CF 91A - Newspaper Headline

We have a source string s1, which represents the headline of one newspaper. We may take as many copies of this headline as we want and concatenate them together.

CF 91A - Newspaper Headline

Rating: 1500
Tags: greedy, strings
Solve time: 1m 57s
Verified: yes

Solution

Problem Understanding

We have a source string s1, which represents the headline of one newspaper. We may take as many copies of this headline as we want and concatenate them together. From the resulting long string, we are allowed to delete arbitrary characters while keeping the remaining characters in order.

The target string s2 must appear as a subsequence of the concatenated headlines. The task is to determine the minimum number of copies of s1 needed to construct s2. If some character of s2 never appears in s1, the task is impossible.

The operation is entirely about subsequences. We are not rearranging characters, only skipping them. For example, if s1 = "abc" and s2 = "cab", one copy is not enough because "cab" is not a subsequence of "abc". Two copies work because "cab" is a subsequence of "abcabc".

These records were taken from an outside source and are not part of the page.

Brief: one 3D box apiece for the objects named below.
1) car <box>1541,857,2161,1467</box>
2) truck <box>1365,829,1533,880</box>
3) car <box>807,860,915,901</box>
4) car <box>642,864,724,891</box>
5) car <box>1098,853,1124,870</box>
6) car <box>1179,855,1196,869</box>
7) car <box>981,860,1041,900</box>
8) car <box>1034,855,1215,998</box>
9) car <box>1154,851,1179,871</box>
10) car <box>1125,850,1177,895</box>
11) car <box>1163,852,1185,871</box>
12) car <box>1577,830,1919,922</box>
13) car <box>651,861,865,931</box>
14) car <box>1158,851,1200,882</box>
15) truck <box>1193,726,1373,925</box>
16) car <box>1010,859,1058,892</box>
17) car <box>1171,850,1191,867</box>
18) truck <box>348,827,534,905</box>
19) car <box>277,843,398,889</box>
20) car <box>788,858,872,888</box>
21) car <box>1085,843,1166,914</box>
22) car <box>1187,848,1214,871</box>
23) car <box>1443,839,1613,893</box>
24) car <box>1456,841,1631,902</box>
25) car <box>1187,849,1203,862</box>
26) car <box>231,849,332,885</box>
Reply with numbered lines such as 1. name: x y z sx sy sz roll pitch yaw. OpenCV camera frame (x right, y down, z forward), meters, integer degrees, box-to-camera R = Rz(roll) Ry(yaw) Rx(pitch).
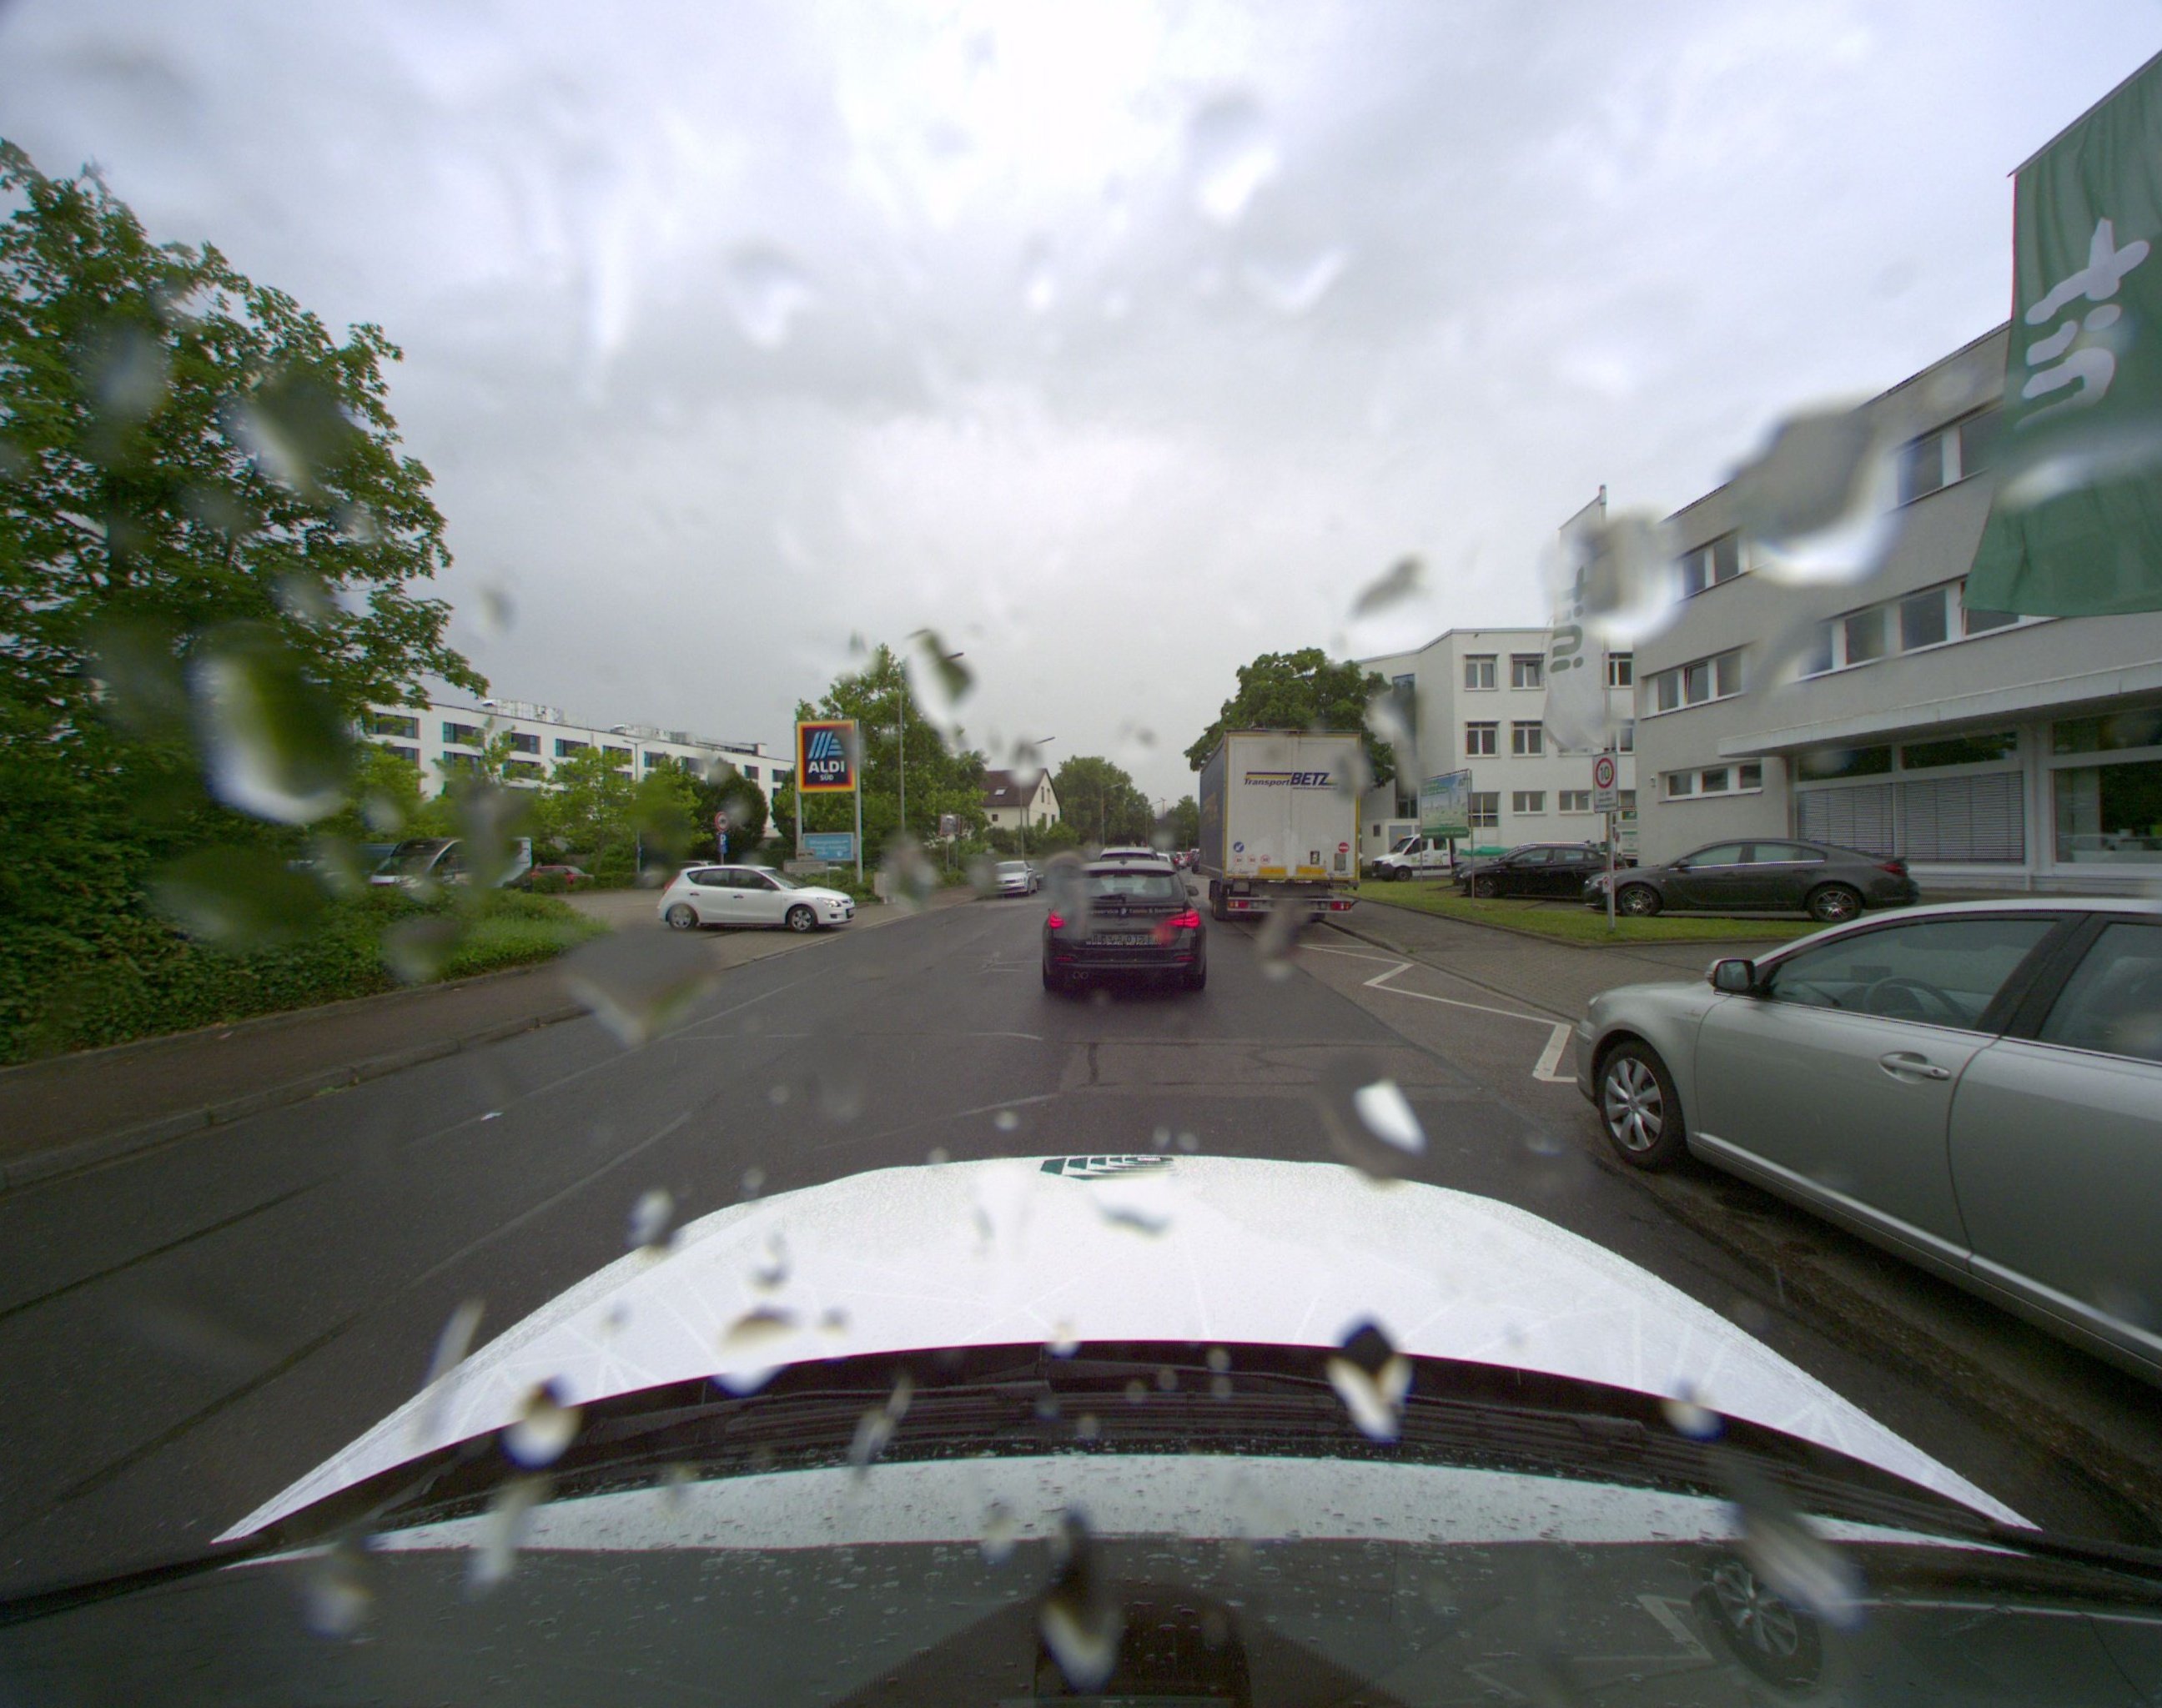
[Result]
1. car: 3.541 0.761 2.545 1.791 1.441 4.345 -1 0 1
2. truck: 17.108 0.023 38.156 6.896 2.140 2.096 -1 0 2
3. car: -8.311 0.986 30.928 3.555 1.460 1.713 0 0 2
4. car: -24.206 1.435 49.614 3.970 1.499 2.002 -1 0 3
5. car: 2.804 0.712 76.206 1.694 1.367 3.851 -4 0 12
6. car: 11.952 0.897 91.259 1.793 1.586 4.010 -1 0 9
7. car: -2.770 1.000 33.237 1.698 1.367 4.605 -4 0 3
8. car: 0.418 0.733 10.108 1.799 1.395 3.998 0 0 -1
9. car: 6.929 0.580 65.928 1.793 1.586 4.010 -1 0 9
10. car: 2.728 0.681 30.913 1.795 1.586 4.008 -1 0 7
11. car: 8.280 0.639 72.265 1.793 1.586 4.010 -1 0 9
12. car: 11.991 0.379 15.027 4.616 1.468 1.803 -1 0 39
13. car: -7.257 0.921 18.626 4.179 1.460 1.711 -1 0 -2
14. car: 5.601 0.728 47.034 1.987 1.684 4.000 0 -1 0
15. truck: 4.250 -0.532 18.883 2.729 3.611 7.758 1 0 4
16. car: -2.186 0.990 39.090 1.698 1.367 3.843 -4 0 5
17. car: 10.033 0.460 81.618 1.793 1.586 4.010 -1 0 9
18. truck: -24.297 0.425 31.380 1.987 2.657 6.397 -1 0 1
19. car: -40.244 0.616 44.261 1.986 2.297 4.816 -1 0 2
20. car: -13.706 1.036 44.656 3.971 1.540 1.911 -1 0 2
21. car: 1.021 0.567 20.549 1.799 1.586 3.998 0 0 -1
22. car: 8.645 0.419 59.047 1.795 1.586 4.008 -1 0 7
23. car: 13.100 0.297 24.003 4.098 1.415 1.701 1 3 42
24. car: 12.205 0.394 21.603 3.733 1.396 1.738 2 2 41
25. car: 14.022 0.180 99.911 1.794 1.586 4.010 -1 0 9
26. car: -47.769 0.772 48.776 1.986 2.014 4.002 0 -1 2

The constraints heavily shape the solution. The length of s1 is at most 10^4, which is small enough for preprocessing. The length of s2 can reach 10^6, which means any algorithm doing a full scan of s1 for every character of s2 would be far too slow. A quadratic style solution such as O(|s1| * |s2|) could require around 10^10 operations in the worst case, which is impossible within two seconds. The target complexity should be close to linear in |s2|, with at most logarithmic overhead.

Several edge cases are easy to mishandle.

Consider:

s1 = "abc"
s2 = "xyz"

The correct answer is -1 because no amount of concatenation can create characters that never appear in s1. A careless greedy implementation might loop forever trying to match 'x'.

Another tricky case is:

s1 = "abc"
s2 = "cab"

The correct answer is 2. The first copy provides 'c', but after reaching the end of the string we must start over to obtain 'a' and 'b'. An implementation that only checks whether s2 is a subsequence of repeated scans without counting resets correctly may output 1.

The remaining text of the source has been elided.